How can $\frac{(-1)^{n+1}}{n^s} = \frac{1}{(2n-1)^s}-\frac{1}{(2n)^s}$?

Question

I am working through a paper here that demonstrates Riemann's analytic continuation of the zeta function $\zeta(s)=\sum_{n=1}^\infty \frac{1}{n^s}$ to the complex plane (except for the pole at $s=1$). At the bottom of page 5 in equation 13, the paper asserts (in the middle of a chain of equations) that

$$\begin{aligned} \sum_{n=1}^\infty \frac{(-1)^{n+1}}{n^s}+\frac{2}{2^s}\sum_{n=1}^\infty \frac{1}{n^s} &= \sum_{n=1}^\infty \bigl(\frac{1}{(2n-1)^s}-\frac{1}{(2n)^s}+\frac{2}{(2n)^s}\bigr) \end{aligned}$$

Could someone please explain this step? This much is immediately obvious:

$$\begin{aligned} \sum_{n=1}^\infty \frac{(-1)^{n+1}}{n^s}+\frac{2}{2^s}\sum_{n=1}^\infty \frac{1}{n^s} &= \sum_{n=1}^\infty \frac{(-1)^{n+1}}{n^s}+\sum_{n=1}^\infty \frac{2}{(2n)^s} \\ &= \sum_{n=1}^\infty \biggl(\frac{(-1)^{n+1}}{n^s}+\frac{2}{(2n)^s}\biggr) \end{aligned}$$

But I am not at all clear why it should be the case that

$$\begin{aligned} \frac{(-1)^{n+1}}{n^s} &= \frac{1}{(2n-1)^s}-\frac{1}{(2n)^s} \end{aligned}$$

as the equation seems to imply.
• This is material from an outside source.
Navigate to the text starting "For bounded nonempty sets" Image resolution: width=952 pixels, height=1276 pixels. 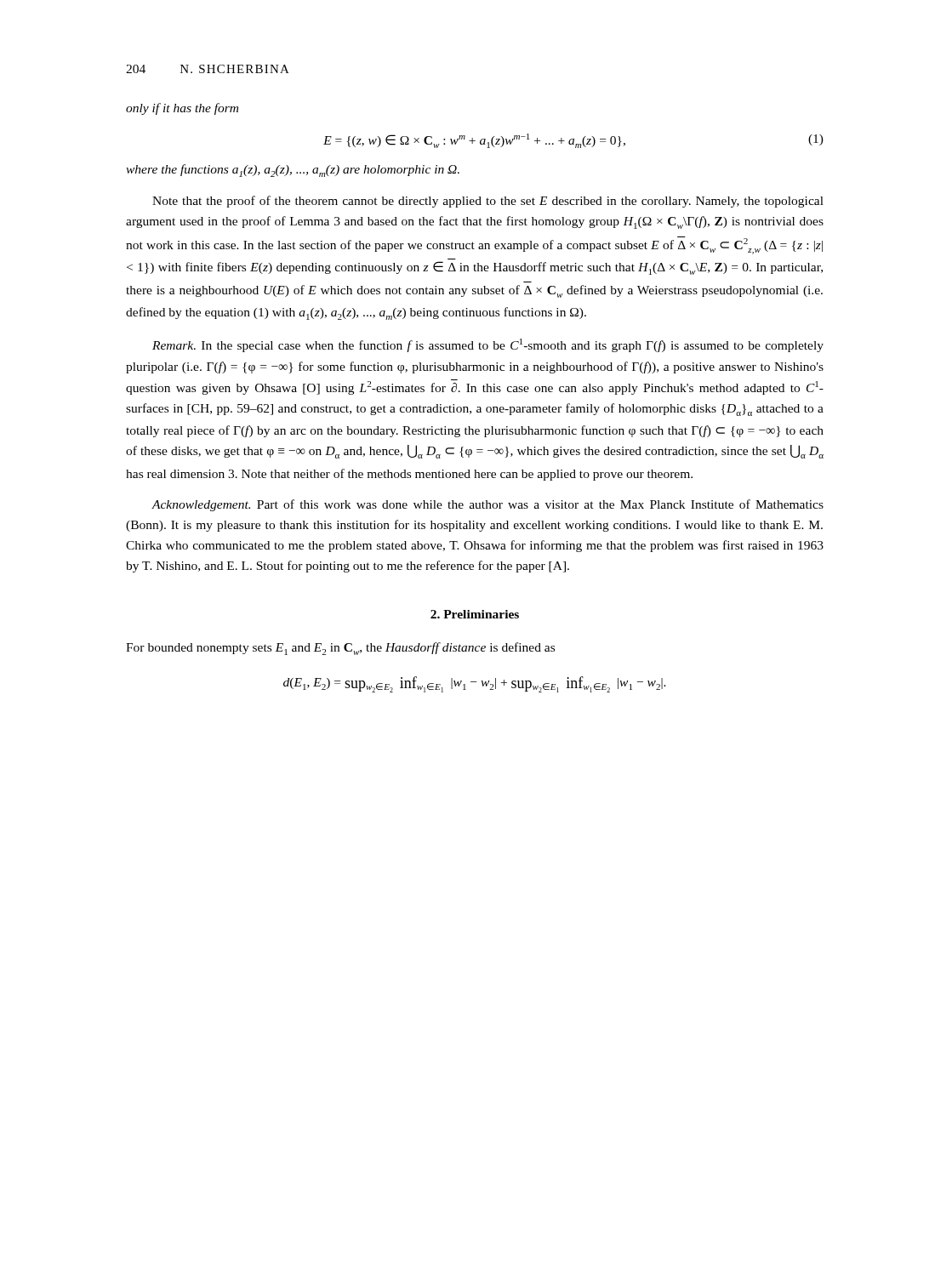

Clearly, I am missing something fairly fundamental, or have made some embarrassingly stupid error. Can anyone explain?

Answer 1

For every positive integer $n$ the $2n-1$-th and $2n$-th term of the series sum to $$\frac{(-1)^{2n}}{(2n-1)^s}+\frac{(-1)^{2n+1}}{(2n)^s}=\frac{1}{(2n-1)^s}-\frac{1}{(2n)^s}.$$ So it is a matter of rewriting the sum as $$\sum_{n\geq1}a_n=\sum_{n\geq1}(a_{2n-1}+a_{2n}).$$

Answer 2

When $n=2k$ you have $$ \frac{(-1)^{n+1}}{n^s}=\frac{(-1)^{2k+1}}{(2k)^s}=-\frac{1}{(2k)^s} $$ otherwise $n=2k-1$ and you have $$ \frac{(-1)^{n+1}}{n^s}=\frac{(-1)^{2k}}{(2k-1)^s}=\frac{1}{(2k-1)^s} $$ so you can rewrite your series as follows $$ \sum_{n=1}^{+\infty}\frac{(-1)^{n+1}}{n^s} =\sum_{k=1}^{+\infty}\frac{1}{(2k-1)^s} -\frac{1}{(2k)^s} $$ and relabeling $k$ as $n$ your final computation reads as \begin{align} \sum_{n=1}^\infty \frac{(-1)^{n+1}}{n^s}+\frac{2}{2^s}\sum_{n=1}^\infty \frac{1}{n^s} &= \sum_{n=1}^\infty \frac{(-1)^{n+1}}{n^s}+\sum_{n=1}^\infty \frac{2}{(2n)^s} \\ &= \sum_{n=1}^\infty \frac{1}{(2n-1)^s}-\frac{1}{(2n)^s}+\frac{2}{(2n)^s}\\ &= \sum_{n=1}^\infty \frac{1}{(2n-1)^s}+\frac{1}{(2n)^s}\\ &= \sum_{n=1}^\infty \frac{1}{n^s}=\zeta(s) \end{align}

The step you miss is my second inequality; you basically separate the odd and even values of $n$, in order to "master" the sign.